SUPPLIED MATERIAL Block Start
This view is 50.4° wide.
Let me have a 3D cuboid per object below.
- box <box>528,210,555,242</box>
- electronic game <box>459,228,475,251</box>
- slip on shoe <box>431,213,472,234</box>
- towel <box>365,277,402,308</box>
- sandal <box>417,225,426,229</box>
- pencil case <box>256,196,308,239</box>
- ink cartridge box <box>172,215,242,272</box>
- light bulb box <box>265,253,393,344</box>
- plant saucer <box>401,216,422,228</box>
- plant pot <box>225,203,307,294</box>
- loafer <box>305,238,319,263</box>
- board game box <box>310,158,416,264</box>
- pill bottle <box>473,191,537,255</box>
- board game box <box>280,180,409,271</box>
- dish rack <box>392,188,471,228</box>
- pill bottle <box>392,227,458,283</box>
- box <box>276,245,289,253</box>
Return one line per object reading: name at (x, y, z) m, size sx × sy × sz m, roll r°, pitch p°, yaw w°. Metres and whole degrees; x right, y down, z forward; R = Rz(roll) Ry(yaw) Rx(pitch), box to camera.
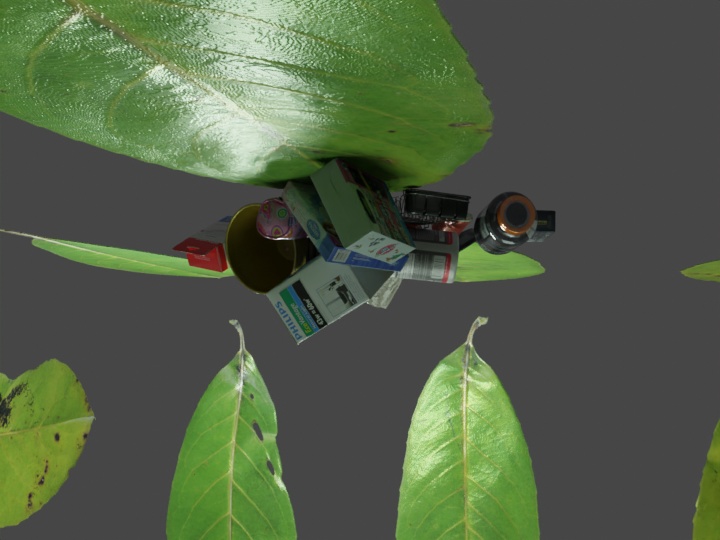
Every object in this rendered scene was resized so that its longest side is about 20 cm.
box at (0.354, -0.101, 1.744) m, size 0.153 × 0.052 × 0.200 m, roll 1°, pitch 175°, yaw 7°
electronic game at (0.223, -0.050, 1.946) m, size 0.197 × 0.042 × 0.200 m, roll -30°, pitch -176°, yaw 2°
slip on shoe at (0.210, -0.099, 1.766) m, size 0.072 × 0.063 × 0.200 m, roll 5°, pitch 173°, yaw -11°
towel at (0.000, 0.000, 1.769) m, size 0.197 × 0.035 × 0.134 m, roll 28°, pitch 128°, yaw -3°
sandal at (0.122, -0.095, 1.855) m, size 0.074 × 0.049 × 0.200 m, roll -29°, pitch 179°, yaw 5°
pencil case at (-0.139, -0.107, 1.564) m, size 0.085 × 0.090 × 0.199 m, roll 0°, pitch -177°, yaw 19°
ink cartridge box at (-0.334, -0.057, 1.809) m, size 0.114 × 0.069 × 0.199 m, roll 9°, pitch -149°, yaw 34°
light bulb box at (-0.056, 0.023, 1.575) m, size 0.198 × 0.126 × 0.198 m, roll -32°, pitch -175°, yaw 25°
plant saucer at (0.013, -0.100, 1.768) m, size 0.195 × 0.038 × 0.199 m, roll 6°, pitch 174°, yaw -28°
plant pot at (-0.191, -0.062, 1.754) m, size 0.196 × 0.205 × 0.141 m, roll -1°, pitch -169°, yaw 30°
loafer at (-0.085, -0.048, 1.703) m, size 0.061 × 0.205 × 0.072 m, roll 6°, pitch -154°, yaw 24°
board game box at (0.009, -0.101, 1.345) m, size 0.064 × 0.150 × 0.199 m, roll -31°, pitch 162°, yaw 18°
pill bottle at (0.292, -0.095, 1.528) m, size 0.103 × 0.109 × 0.200 m, roll 2°, pitch 174°, yaw -1°
board game box at (-0.030, -0.085, 1.475) m, size 0.197 × 0.044 × 0.200 m, roll 7°, pitch -145°, yaw -44°
dish rack at (0.119, -0.125, 1.588) m, size 0.150 × 0.056 × 0.199 m, roll 5°, pitch 176°, yaw -26°
pill bottle at (0.113, -0.037, 1.675) m, size 0.195 × 0.114 × 0.111 m, roll 6°, pitch 175°, yaw 0°
box at (-0.136, -0.044, 1.923) m, size 0.195 × 0.099 × 0.176 m, roll -1°, pitch -160°, yaw 22°
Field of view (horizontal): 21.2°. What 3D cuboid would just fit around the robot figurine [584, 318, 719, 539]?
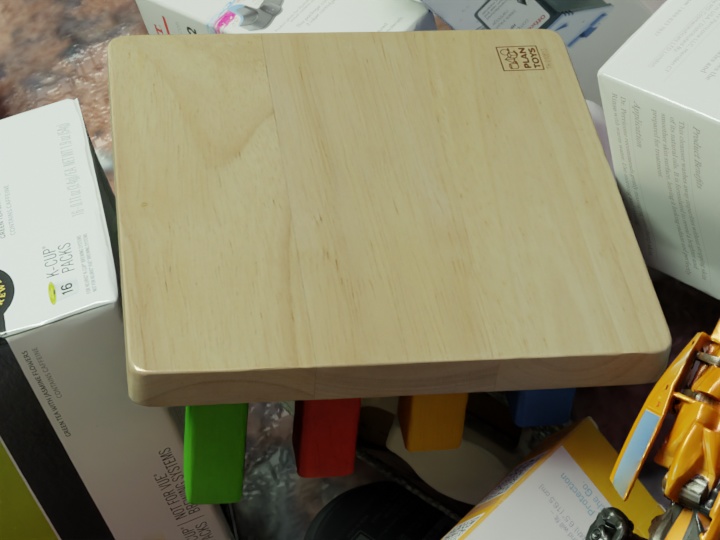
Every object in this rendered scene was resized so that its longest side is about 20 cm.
[{"bbox_3d":[0.135,0.100,0.660,0.144,0.058,0.201,22,81,36],"label":"robot figurine"}]

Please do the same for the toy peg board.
[{"bbox_3d":[0.000,0.000,0.786,0.197,0.098,0.201,-2,43,-9],"label":"toy peg board"}]

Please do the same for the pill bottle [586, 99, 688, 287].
[{"bbox_3d":[0.072,-0.019,0.915,0.198,0.112,0.113,-10,47,7],"label":"pill bottle"}]

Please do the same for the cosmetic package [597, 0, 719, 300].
[{"bbox_3d":[0.195,-0.027,0.731,0.199,0.113,0.081,28,61,33],"label":"cosmetic package"}]

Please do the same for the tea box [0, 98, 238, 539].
[{"bbox_3d":[-0.178,0.062,0.856,0.195,0.201,0.134,-18,47,-1],"label":"tea box"}]

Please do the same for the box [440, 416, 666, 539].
[{"bbox_3d":[0.052,0.162,0.715,0.200,0.041,0.119,-39,91,-27],"label":"box"}]

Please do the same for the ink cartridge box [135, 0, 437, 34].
[{"bbox_3d":[-0.045,-0.109,1.027,0.199,0.116,0.068,27,60,35],"label":"ink cartridge box"}]

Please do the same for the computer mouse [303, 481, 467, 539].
[{"bbox_3d":[0.046,0.179,0.792,0.199,0.046,0.141,26,53,21],"label":"computer mouse"}]

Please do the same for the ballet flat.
[{"bbox_3d":[0.016,0.056,0.820,0.200,0.072,0.072,29,62,22],"label":"ballet flat"}]

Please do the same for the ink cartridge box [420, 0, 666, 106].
[{"bbox_3d":[0.073,-0.181,0.987,0.086,0.200,0.147,-36,42,24],"label":"ink cartridge box"}]
SUPPLIED MATERIAL Block End
# REQUIRED WORK
List the lines of the entries that include "cuboid".

# OUTPUT
Let me have a 3D cuboid per object below.
Field of view (horizontal): 21.2°. What 3D cuboid would just fit around the robot figurine [584, 318, 719, 539]?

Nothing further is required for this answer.